◆ WORK ORDER:
Retype the entries exactly; omit all pictures.

◆ RECORDED INFORMATION:
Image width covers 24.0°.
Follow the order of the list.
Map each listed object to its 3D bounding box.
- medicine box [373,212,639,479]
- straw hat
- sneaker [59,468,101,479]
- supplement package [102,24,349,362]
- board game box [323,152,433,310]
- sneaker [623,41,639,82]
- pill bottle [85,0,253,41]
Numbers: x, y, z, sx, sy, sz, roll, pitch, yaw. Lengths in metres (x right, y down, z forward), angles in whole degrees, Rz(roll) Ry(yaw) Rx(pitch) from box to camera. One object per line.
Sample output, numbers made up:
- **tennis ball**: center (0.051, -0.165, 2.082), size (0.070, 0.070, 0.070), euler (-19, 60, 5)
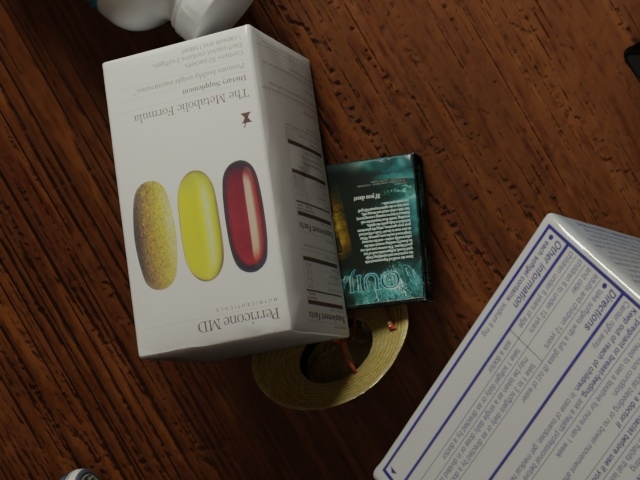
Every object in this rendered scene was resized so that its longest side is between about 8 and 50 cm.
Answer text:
- **medicine box**: center (0.228, 0.172, 1.128), size (0.289, 0.149, 0.263), euler (46, 113, 36)
- **straw hat**: center (0.019, 0.103, 1.285), size (0.144, 0.144, 0.061), euler (-7, 138, 19)
- **sneaker**: center (-0.270, 0.326, 1.414), size (0.163, 0.086, 0.226), euler (-2, 100, 16)
- **supplement package**: center (-0.075, -0.031, 1.225), size (0.139, 0.134, 0.244), euler (-12, 80, 20)
- **board game box**: center (0.000, 0.000, 1.281), size (0.186, 0.026, 0.126), euler (-7, 82, 20)
- **sneaker**: center (0.330, -0.204, 1.111), size (0.106, 0.101, 0.267), euler (36, 108, 11)
- **pill bottle**: center (-0.173, -0.273, 1.240), size (0.264, 0.146, 0.146), euler (39, 109, 8)
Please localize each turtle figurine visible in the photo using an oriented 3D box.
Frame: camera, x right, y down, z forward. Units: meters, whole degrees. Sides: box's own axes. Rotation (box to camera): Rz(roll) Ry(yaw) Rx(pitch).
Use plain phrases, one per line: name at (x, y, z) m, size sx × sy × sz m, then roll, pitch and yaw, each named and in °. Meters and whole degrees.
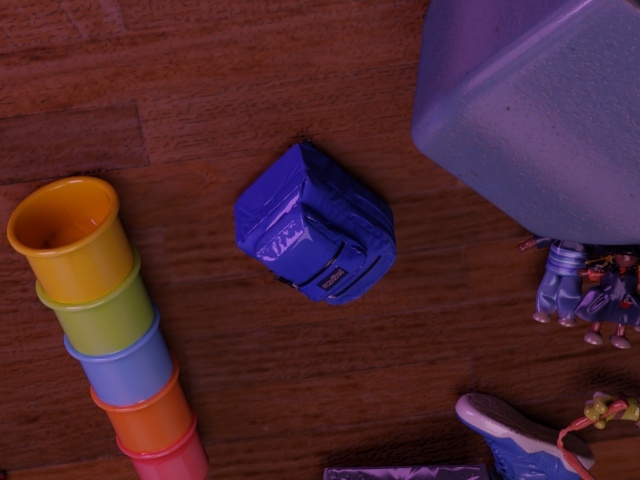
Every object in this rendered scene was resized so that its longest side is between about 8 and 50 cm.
turtle figurine at (0.365, 0.153, 1.758) m, size 0.270 × 0.087 × 0.217 m, roll 21°, pitch 113°, yaw -2°

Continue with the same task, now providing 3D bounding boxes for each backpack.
backpack at (0.000, 0.000, 1.601) m, size 0.120 × 0.101 × 0.098 m, roll 33°, pitch 124°, yaw -30°

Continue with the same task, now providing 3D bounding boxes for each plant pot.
plant pot at (0.204, -0.141, 1.441) m, size 0.248 × 0.247 × 0.252 m, roll 34°, pitch 134°, yaw -27°

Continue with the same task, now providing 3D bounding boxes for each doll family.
doll family at (0.264, 0.027, 1.657) m, size 0.193 × 0.076 × 0.111 m, roll 4°, pitch 115°, yaw -11°

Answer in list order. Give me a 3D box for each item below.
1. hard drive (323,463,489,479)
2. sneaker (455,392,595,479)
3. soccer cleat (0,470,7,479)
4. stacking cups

◆ TASK SOLUTION:
Image width covers 24.0°.
Follow the order of the list.
Map each listed object to its 3D bounding box.
- medicine box [373,212,639,479]
- straw hat
- sneaker [59,468,101,479]
- supplement package [102,24,349,362]
- board game box [323,152,433,310]
- sneaker [623,41,639,82]
- pill bottle [85,0,253,41]
Numbers: x, y, z, sx, sy, sz, roll, pitch, yaw. Lengths in metres (x right, y down, z forward), angles in whole degrees, Rz(roll) Ry(yaw) Rx(pitch) from box to camera. One object per line.
Sample output, numbers made up:
- **tennis ball**: center (0.051, -0.165, 2.082), size (0.070, 0.070, 0.070), euler (-19, 60, 5)
Every object in this rendered scene was resized so that its longest side is between about 8 and 50 cm.
Answer text:
- **medicine box**: center (0.228, 0.172, 1.128), size (0.289, 0.149, 0.263), euler (46, 113, 36)
- **straw hat**: center (0.019, 0.103, 1.285), size (0.144, 0.144, 0.061), euler (-7, 138, 19)
- **sneaker**: center (-0.270, 0.326, 1.414), size (0.163, 0.086, 0.226), euler (-2, 100, 16)
- **supplement package**: center (-0.075, -0.031, 1.225), size (0.139, 0.134, 0.244), euler (-12, 80, 20)
- **board game box**: center (0.000, 0.000, 1.281), size (0.186, 0.026, 0.126), euler (-7, 82, 20)
- **sneaker**: center (0.330, -0.204, 1.111), size (0.106, 0.101, 0.267), euler (36, 108, 11)
- **pill bottle**: center (-0.173, -0.273, 1.240), size (0.264, 0.146, 0.146), euler (39, 109, 8)
Please localize each turtle figurine visible in the photo using an oriented 3D box.
Frame: camera, x right, y down, z forward. Units: meters, whole degrees. Sides: box's own axes. Rotation (box to camera): Rz(roll) Ry(yaw) Rx(pitch).
Use plain phrases, one per line: name at (x, y, z) m, size sx × sy × sz m, then roll, pitch and yaw, each named and in °. Meters and whole degrees.
Every object in this rendered scene was resized so that its longest side is between about 8 and 50 cm.
turtle figurine at (0.365, 0.153, 1.758) m, size 0.270 × 0.087 × 0.217 m, roll 21°, pitch 113°, yaw -2°

Continue with the same task, now providing 3D bounding boxes for each backpack.
backpack at (0.000, 0.000, 1.601) m, size 0.120 × 0.101 × 0.098 m, roll 33°, pitch 124°, yaw -30°

Continue with the same task, now providing 3D bounding boxes for each plant pot.
plant pot at (0.204, -0.141, 1.441) m, size 0.248 × 0.247 × 0.252 m, roll 34°, pitch 134°, yaw -27°

Continue with the same task, now providing 3D bounding boxes for each doll family.
doll family at (0.264, 0.027, 1.657) m, size 0.193 × 0.076 × 0.111 m, roll 4°, pitch 115°, yaw -11°

Answer in list order. Give me a 3D box for each item below.
1. hard drive (323,463,489,479)
2. sneaker (455,392,595,479)
3. soccer cleat (0,470,7,479)
4. stacking cups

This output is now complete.